A paper derived from a talk to a meeting of the Society of Construction Law in Birmingham on 7th April 2009.
When owners of flats in a multi-unit development realise that their flats and ‘the common parts’ of their development may be suffering from construction defects, what rights do they have in law, on what legal basis, and against whom? In ‘The Walk to Paradise Gardens’, Philip Britton and Mark Fairweather analyse a scenario drawn from real life, which illustrates the potential complexity of both the facts and the law. It includes pointers to the tactical and practical issues involved in mobilising residents and the flat management company towards making a claim, then pursuing that claim in the Technology and Construction Court if necessary.

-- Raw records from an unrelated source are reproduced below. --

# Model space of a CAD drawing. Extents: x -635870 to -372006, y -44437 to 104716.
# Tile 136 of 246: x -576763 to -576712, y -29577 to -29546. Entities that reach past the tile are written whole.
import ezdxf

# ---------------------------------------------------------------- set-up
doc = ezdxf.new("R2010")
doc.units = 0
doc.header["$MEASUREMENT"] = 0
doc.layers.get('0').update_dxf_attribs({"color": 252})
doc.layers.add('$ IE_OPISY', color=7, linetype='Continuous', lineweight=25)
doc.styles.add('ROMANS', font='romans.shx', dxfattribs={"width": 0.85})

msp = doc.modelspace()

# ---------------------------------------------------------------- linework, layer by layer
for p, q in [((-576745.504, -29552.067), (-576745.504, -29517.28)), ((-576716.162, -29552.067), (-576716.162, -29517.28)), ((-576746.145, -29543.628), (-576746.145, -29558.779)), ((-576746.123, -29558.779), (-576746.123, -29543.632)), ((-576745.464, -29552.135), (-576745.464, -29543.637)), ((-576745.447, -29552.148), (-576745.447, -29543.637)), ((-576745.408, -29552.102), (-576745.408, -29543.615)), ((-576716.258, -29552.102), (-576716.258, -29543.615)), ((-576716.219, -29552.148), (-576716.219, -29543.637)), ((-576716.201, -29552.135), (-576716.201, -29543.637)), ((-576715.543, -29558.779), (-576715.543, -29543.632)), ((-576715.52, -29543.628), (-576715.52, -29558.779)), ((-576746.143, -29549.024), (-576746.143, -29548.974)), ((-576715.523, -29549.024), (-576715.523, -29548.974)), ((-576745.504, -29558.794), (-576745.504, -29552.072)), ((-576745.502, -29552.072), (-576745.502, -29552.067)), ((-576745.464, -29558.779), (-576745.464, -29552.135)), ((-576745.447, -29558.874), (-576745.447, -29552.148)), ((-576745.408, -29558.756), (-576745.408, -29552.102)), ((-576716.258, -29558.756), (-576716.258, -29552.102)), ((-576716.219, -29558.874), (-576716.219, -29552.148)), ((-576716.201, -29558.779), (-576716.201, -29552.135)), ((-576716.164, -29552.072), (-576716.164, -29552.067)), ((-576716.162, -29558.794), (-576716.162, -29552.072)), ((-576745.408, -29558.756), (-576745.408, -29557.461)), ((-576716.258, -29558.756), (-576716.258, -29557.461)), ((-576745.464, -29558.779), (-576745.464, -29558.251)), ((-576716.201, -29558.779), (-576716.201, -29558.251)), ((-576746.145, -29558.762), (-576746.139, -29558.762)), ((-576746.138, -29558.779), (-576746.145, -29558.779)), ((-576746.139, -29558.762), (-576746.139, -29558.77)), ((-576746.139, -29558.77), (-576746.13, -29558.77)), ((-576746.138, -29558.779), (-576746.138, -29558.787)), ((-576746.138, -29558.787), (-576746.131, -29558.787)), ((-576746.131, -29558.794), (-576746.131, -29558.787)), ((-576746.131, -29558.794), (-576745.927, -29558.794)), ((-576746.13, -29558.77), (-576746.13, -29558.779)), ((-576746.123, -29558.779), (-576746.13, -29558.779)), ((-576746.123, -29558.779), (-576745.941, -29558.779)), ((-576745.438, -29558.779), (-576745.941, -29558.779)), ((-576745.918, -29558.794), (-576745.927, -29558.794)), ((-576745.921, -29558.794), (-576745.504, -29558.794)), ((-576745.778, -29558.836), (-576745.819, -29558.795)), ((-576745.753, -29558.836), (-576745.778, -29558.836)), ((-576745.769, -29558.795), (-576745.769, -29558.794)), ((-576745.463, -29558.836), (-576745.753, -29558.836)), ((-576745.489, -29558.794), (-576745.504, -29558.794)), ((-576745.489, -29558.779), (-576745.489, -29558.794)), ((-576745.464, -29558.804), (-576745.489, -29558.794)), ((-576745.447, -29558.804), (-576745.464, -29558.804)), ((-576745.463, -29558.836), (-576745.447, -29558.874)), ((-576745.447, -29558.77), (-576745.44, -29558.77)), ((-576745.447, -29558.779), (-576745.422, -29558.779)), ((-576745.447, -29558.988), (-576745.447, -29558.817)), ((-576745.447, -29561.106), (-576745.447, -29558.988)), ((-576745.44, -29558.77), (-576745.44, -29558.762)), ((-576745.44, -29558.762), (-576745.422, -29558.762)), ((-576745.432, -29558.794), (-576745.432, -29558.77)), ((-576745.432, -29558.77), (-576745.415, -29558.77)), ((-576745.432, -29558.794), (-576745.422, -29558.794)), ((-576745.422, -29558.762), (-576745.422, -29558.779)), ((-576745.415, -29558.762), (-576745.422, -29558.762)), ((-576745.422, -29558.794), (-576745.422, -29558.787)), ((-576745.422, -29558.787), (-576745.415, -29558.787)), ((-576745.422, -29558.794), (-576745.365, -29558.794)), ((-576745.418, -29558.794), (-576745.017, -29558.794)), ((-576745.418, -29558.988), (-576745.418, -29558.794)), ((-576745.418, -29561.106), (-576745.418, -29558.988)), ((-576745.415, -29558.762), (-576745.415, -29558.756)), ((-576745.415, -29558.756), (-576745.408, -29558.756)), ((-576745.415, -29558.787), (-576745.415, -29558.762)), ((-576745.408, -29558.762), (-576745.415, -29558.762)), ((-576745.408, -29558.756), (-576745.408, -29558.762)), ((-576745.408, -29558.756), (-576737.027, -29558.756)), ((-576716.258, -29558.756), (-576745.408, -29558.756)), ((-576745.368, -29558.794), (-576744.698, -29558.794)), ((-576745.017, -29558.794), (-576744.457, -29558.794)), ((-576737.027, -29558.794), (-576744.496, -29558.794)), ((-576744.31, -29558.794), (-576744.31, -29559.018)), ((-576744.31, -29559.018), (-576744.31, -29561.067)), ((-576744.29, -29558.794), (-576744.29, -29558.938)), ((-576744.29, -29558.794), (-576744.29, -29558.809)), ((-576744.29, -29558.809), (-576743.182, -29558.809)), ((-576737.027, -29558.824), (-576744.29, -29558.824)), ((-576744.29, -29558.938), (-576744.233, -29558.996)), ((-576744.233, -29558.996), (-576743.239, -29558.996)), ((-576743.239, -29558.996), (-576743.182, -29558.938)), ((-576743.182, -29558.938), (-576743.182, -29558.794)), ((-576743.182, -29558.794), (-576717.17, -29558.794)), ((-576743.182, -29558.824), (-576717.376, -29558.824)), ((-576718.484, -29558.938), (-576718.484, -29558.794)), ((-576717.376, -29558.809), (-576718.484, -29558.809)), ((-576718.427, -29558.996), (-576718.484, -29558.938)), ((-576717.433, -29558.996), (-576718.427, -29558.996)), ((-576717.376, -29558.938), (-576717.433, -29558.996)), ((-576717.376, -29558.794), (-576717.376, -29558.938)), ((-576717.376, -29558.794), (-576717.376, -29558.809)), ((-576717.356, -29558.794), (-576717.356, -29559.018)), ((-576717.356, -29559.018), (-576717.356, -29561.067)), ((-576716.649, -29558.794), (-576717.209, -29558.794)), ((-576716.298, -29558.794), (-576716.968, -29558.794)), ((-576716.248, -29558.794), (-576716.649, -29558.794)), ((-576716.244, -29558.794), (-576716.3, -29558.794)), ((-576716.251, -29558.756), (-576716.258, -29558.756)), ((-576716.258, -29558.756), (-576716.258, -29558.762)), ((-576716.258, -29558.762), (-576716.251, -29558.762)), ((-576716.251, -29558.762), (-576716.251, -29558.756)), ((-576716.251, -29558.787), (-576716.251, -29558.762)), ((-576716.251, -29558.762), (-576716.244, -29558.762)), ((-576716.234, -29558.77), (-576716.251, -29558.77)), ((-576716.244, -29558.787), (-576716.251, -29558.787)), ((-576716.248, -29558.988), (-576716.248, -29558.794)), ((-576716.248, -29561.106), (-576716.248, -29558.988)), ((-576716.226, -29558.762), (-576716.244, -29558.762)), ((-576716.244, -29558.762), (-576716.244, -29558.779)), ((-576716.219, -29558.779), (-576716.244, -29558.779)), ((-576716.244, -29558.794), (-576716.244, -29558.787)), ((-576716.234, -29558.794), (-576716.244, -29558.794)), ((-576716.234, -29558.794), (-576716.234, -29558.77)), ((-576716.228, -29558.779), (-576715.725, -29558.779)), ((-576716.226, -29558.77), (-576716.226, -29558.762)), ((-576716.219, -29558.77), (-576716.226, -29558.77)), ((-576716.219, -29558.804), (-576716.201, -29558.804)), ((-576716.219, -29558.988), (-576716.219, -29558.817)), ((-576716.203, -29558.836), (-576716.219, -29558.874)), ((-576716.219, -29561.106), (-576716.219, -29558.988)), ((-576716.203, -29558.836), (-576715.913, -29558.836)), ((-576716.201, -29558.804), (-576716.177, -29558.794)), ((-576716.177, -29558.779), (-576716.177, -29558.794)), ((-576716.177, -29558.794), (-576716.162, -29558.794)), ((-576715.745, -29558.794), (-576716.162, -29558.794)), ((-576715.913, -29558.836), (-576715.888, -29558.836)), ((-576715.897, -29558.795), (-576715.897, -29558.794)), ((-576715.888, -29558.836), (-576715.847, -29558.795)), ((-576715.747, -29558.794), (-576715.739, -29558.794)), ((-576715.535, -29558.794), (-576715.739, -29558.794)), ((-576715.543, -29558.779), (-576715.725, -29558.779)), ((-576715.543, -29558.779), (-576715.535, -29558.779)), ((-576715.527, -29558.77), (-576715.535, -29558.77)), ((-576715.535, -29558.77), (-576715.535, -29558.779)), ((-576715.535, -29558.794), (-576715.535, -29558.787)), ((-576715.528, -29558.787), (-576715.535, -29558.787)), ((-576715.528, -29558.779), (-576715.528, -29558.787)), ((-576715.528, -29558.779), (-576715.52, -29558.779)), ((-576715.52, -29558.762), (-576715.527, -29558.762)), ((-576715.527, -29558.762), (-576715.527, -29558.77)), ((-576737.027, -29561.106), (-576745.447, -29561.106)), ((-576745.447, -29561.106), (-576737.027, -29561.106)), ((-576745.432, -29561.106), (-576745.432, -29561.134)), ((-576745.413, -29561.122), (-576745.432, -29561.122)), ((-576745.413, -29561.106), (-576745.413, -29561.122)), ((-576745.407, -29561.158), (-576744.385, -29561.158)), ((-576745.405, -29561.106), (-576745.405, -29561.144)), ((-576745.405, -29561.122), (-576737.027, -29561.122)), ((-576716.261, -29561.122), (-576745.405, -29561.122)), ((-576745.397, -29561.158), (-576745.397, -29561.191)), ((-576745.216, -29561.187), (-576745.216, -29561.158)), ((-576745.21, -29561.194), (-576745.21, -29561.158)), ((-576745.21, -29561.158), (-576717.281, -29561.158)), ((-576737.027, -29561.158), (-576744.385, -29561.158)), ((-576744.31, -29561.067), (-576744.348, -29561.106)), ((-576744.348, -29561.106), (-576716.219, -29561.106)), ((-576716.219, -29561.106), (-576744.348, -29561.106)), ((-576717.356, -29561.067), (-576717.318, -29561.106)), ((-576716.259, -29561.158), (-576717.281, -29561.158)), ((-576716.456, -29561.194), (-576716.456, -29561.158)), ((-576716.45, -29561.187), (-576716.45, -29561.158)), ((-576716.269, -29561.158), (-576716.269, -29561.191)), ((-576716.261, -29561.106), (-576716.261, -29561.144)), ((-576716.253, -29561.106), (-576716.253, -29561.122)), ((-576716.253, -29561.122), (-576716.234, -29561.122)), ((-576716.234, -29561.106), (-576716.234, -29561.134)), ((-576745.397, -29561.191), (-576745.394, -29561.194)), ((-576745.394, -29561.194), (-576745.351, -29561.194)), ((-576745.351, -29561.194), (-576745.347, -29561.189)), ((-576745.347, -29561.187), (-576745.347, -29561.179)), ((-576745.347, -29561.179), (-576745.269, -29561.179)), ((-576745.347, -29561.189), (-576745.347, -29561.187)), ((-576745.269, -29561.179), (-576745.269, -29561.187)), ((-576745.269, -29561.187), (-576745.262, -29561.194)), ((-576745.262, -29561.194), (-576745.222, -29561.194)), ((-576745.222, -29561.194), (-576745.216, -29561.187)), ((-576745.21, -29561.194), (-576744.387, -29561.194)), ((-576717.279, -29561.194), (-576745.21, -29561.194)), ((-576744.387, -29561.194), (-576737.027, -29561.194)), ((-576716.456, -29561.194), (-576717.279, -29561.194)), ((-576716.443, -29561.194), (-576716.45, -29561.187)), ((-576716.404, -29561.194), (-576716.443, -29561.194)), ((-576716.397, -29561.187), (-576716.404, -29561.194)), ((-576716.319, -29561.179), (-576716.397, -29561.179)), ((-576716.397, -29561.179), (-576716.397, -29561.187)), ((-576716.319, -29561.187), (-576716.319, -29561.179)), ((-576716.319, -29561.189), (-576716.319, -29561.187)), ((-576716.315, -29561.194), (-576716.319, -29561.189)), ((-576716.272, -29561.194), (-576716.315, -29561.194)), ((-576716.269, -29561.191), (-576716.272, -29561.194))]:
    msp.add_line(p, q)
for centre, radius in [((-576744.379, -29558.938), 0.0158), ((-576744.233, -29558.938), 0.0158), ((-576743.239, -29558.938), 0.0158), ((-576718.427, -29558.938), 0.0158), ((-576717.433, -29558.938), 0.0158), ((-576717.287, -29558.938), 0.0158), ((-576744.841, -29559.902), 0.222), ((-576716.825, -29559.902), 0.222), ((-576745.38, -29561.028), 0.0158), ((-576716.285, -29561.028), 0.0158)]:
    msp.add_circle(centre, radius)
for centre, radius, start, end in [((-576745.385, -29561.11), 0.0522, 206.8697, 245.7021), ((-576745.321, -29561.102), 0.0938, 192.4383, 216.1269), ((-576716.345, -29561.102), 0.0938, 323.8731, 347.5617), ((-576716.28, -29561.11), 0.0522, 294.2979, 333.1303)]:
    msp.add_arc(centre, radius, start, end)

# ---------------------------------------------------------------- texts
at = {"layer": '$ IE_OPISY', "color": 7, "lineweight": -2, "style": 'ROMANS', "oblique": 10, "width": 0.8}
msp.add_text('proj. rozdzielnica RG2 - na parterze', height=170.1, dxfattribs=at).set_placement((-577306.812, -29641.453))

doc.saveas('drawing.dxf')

The paper also considers why English law in this area appears so unsatisfactory for flat-owners; and how other legal systems may do better.
A. Background - The development - The problems - Dealing with the defects - B. Repairs without needing to litigate? - The NHBC Buildmark warranty - Other warranty claims? - C. Find your defendant, claimant and right of action - Claims by original flat-owners - Successors of the original purchasers: claiming in contract - Successors of the original purchasers: claiming by other routes - Claims by the FMC - D. Starting a claim - Limitation issues - Pre-action disclosure - ADR and litigation - Suing in the TCC - E. Cost (and costs) issues - Individual flat-owners - The FMC (or RTM company) - F. Possible defence arguments - G. Remedies - H. Conclusions.
The authors: Philip Britton LLB BCL is a former Director, now Visiting Professor, Centre of Construction Law and Dispute Resolution, Kings' College London and Mark Fairweather MA is a director of Fairweather Stephenson Ltd, solicitors.